Funnily enough, had he written his book a couple of years earlier, he would have attributed the discovery of this new encryption system to three Americans – Whitfield Diffie, Martin Hellman and Ralph Merkle. However, in December 1997 the British government officially confirmed that public-key cryptography was originally invented at the Government Communications Headquarters (GCHQ) in Cheltenham. By 1975 James Ellis, Clifford Cocks and Malcolm Williamson from GCHQ had discovered what were later rediscovered in academia and became known as the “Diffie-Hellman” key exchange and the “RSA cryptosystem”, both of which were based on the difficulty of factorizing very large numbers. The three British cryptologists, being constrained by secrecy, could never cash in on the invention that on the other side of the Atlantic was being turned into a highly profitable business.
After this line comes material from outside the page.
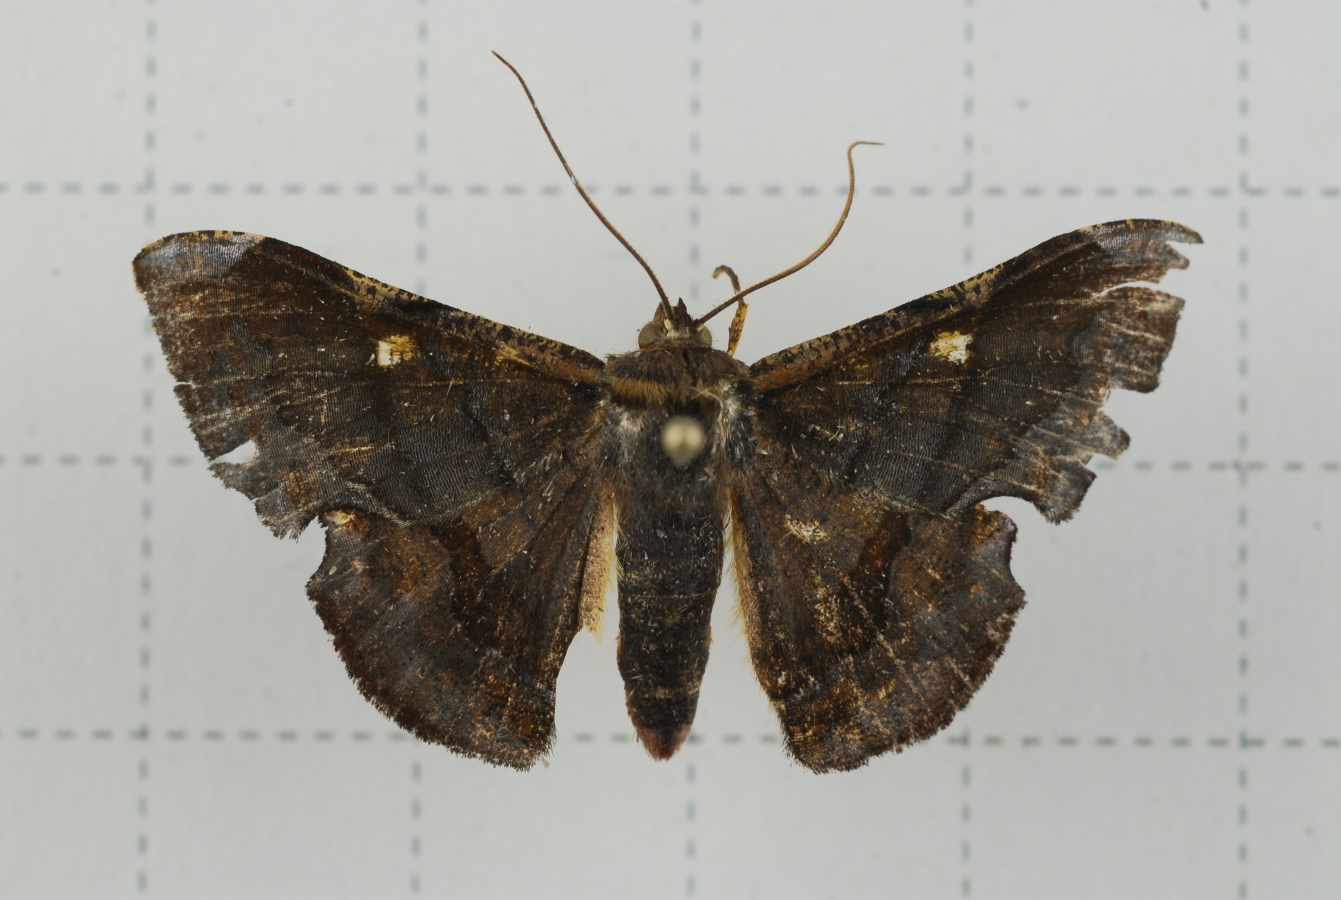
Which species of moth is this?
Fascellina chromataria

However, Singh points out several times that the subject of secrecy is so important that it might simply be impossible to discover what the experts really know. So, if it takes only a couple of prime numbers to hide the most sinister plans of terrorists organizations, what sort of line should the law and law-enforcement agencies take here? What about our civil liberties? Do we not have rights to privacy? Singh touches on this point, but it reads more like an excuse to tell the story of “Pretty Good Privacy” – the software developed by the computer scientist Phil Zimmermann for keeping e-mail secret, and his battle with the US government to allow the software to be exported from America over the Internet.
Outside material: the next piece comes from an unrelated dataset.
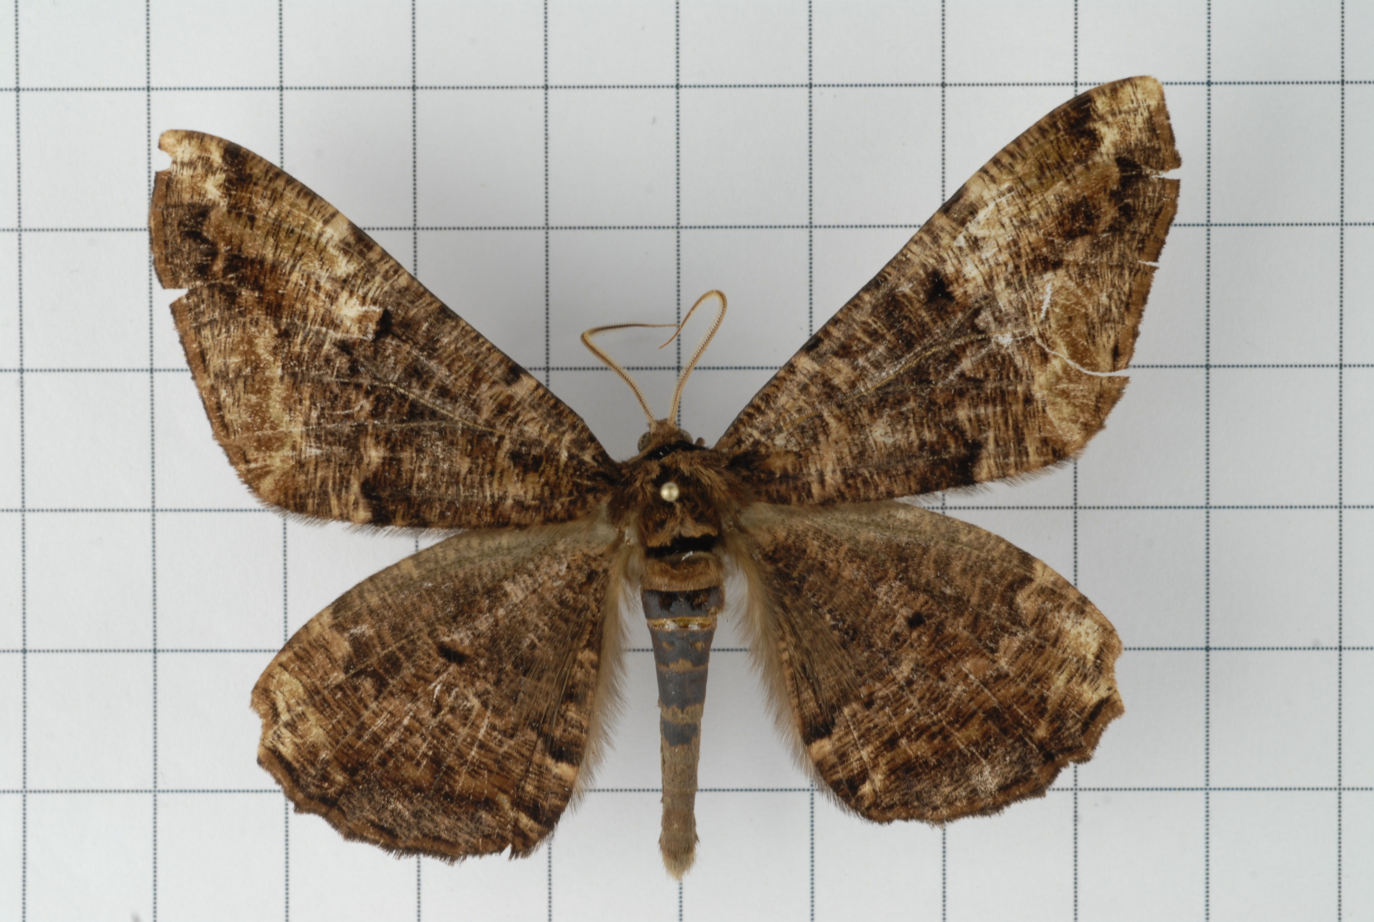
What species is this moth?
Blepharoctenucha virescens kawabei

Finally, Singh makes his leap into the quantum future. The story of quantum cryptography is designed, I guess, to be the book’s grand finale. However, unfortunately, at this important point the book falls sadly short of the high expectations we have come to have of Singh. This part strikes me as neither well researched nor well explained. Some parts of the text left me flabbergasted. It is shocking to read such nonsense as “the development of a fully operational quantum computer would imperil our personal privacy, destroy electronic commerce and demolish the concept of national security. A quantum computer would jeopardise the stability of the world”.
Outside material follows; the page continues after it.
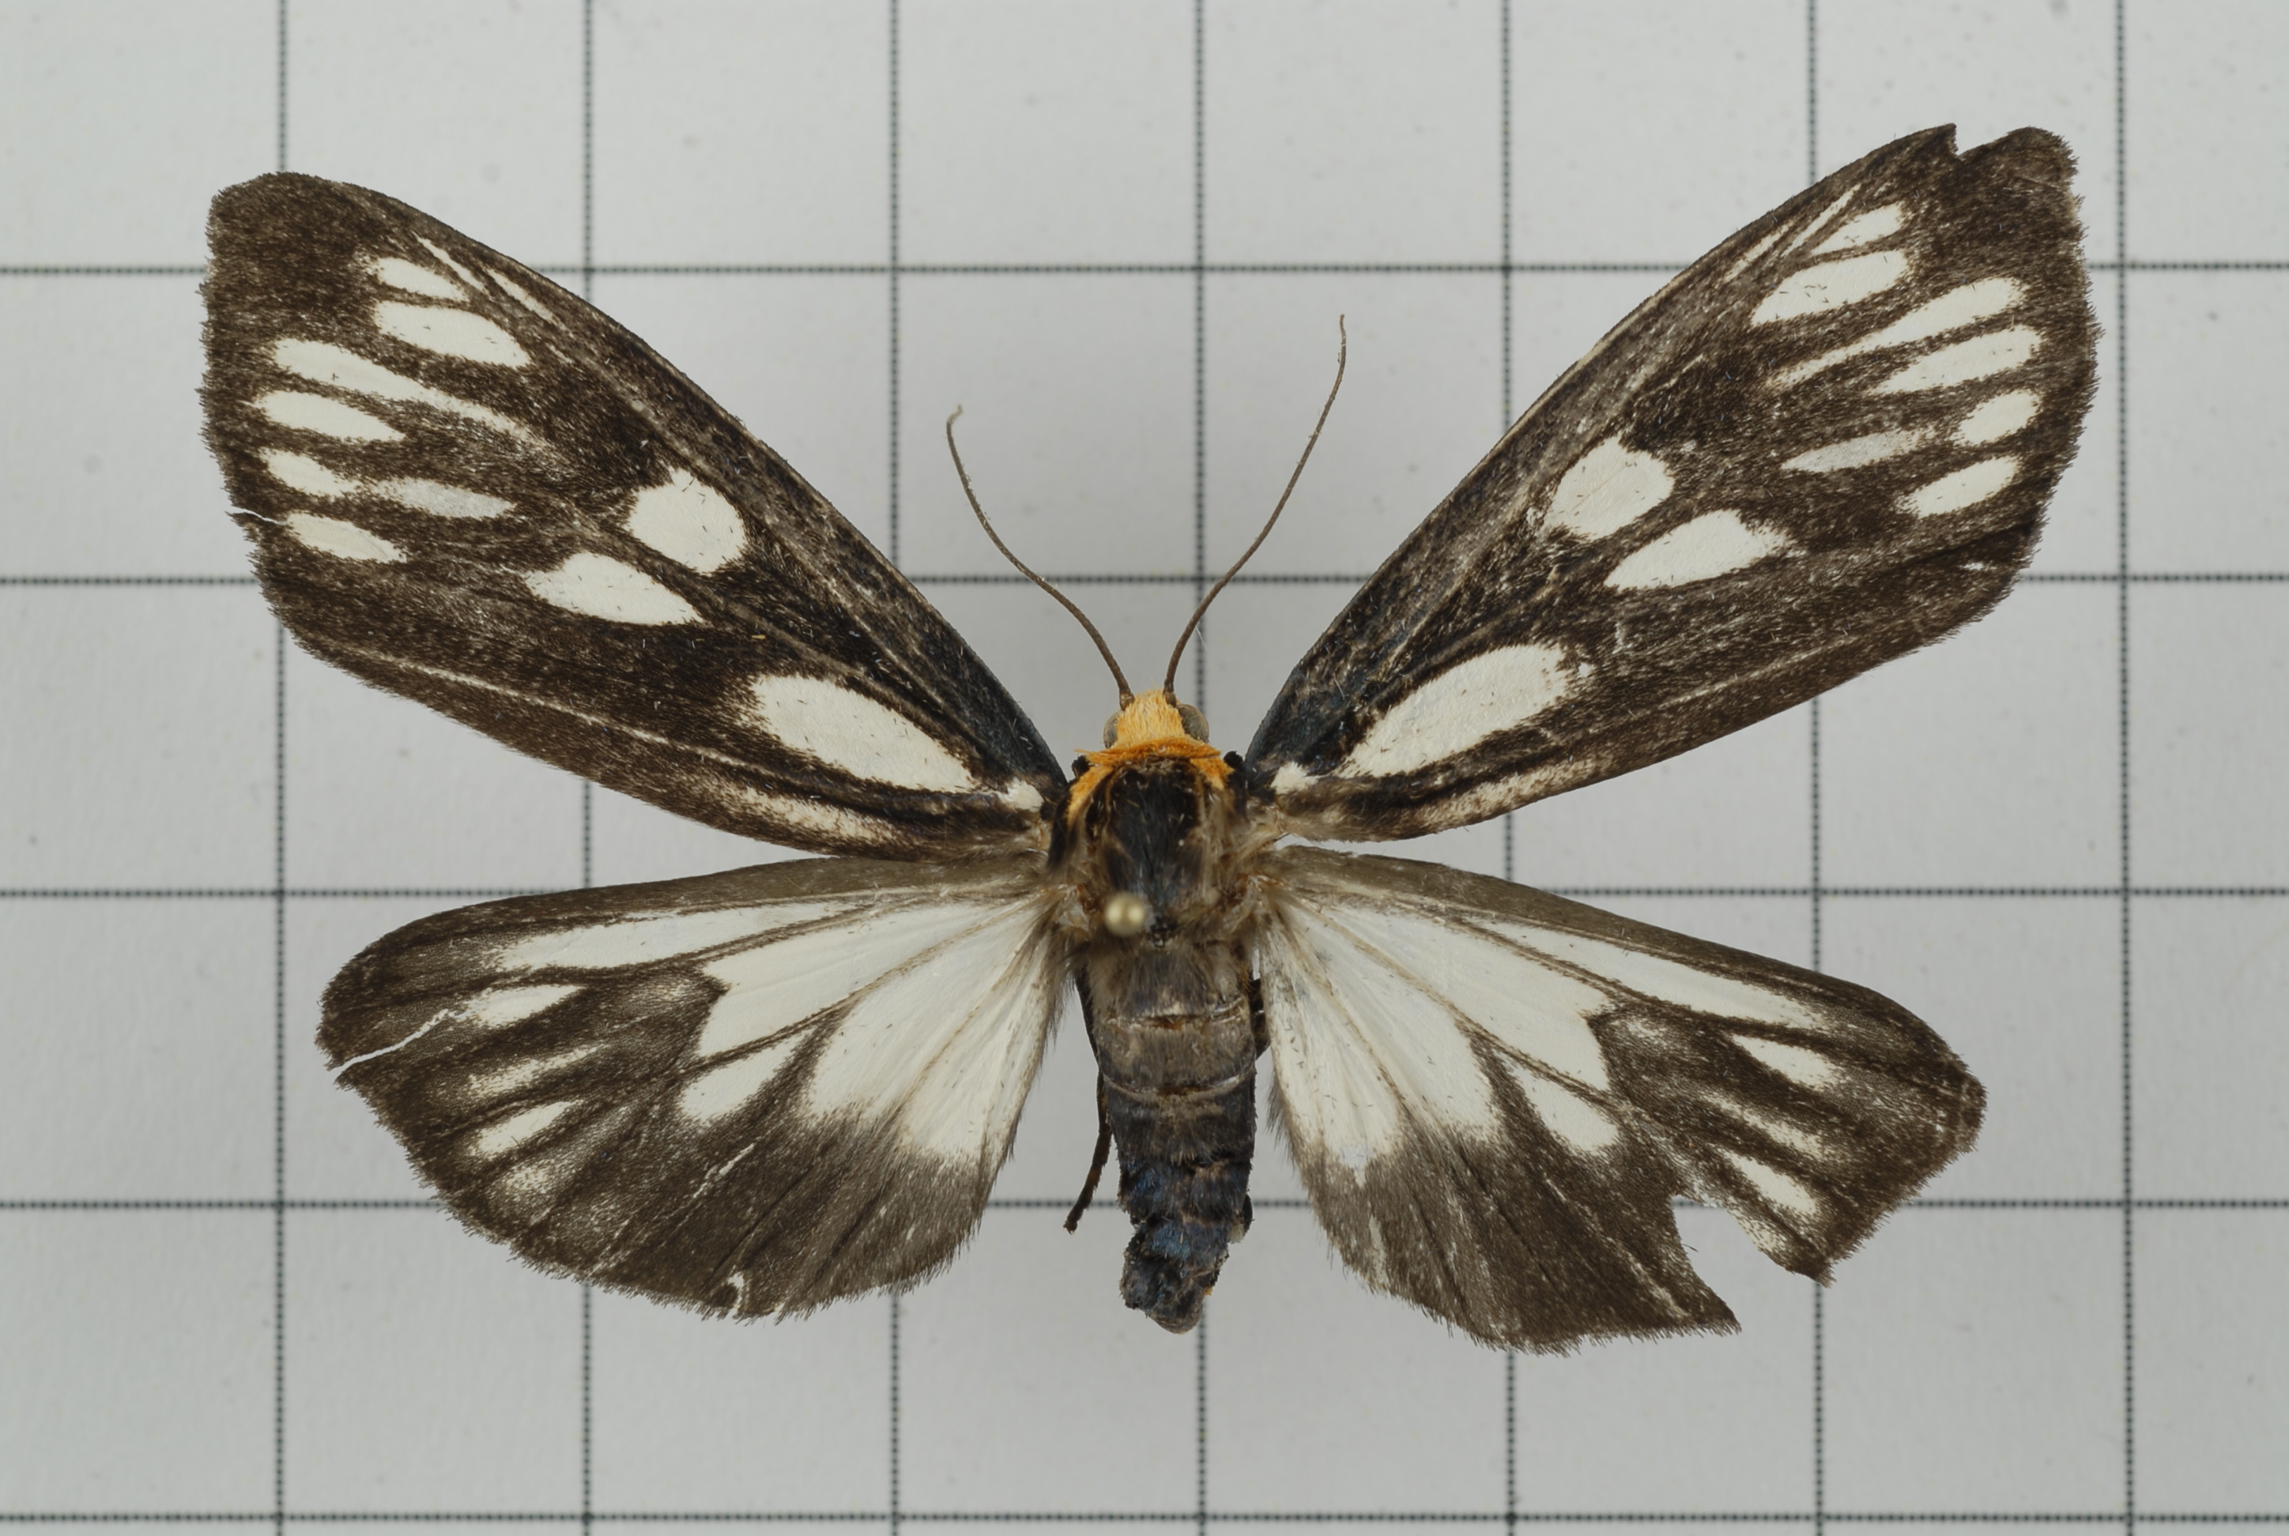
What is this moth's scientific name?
Macrobrochis gigas

After all, quantum computers admit their own one-way functions, and in all probability public-key cryptosystems will be implemented at the quantum level long before quantum code-breaking devices become feasible. Moreover, quantum cryptography offers security that is not only superior to anything currently available, but invulnerable even to the power of quantum computing. So there is no need to panic.
Another notable omission from Singh’s story of quantum cryptography is the British contribution. It was at the Defence Research Agency in Malvern, not far from GCHQ, that quantum cryptography took its mature experimental shape. Without this work it might not have attained feasibility to this day.
Despite my disappointment with the last chapter, I think this is a delightful book. Simon Singh is a good storyteller. Many anecdotes, such as the one about IBM’s Charlie Bennett boiling a (dead) turtle in alkali, make it a smooth and very enjoyable read. It’s probably the best book on the history of ciphers since David Kahn’s Codebreakers. Read it!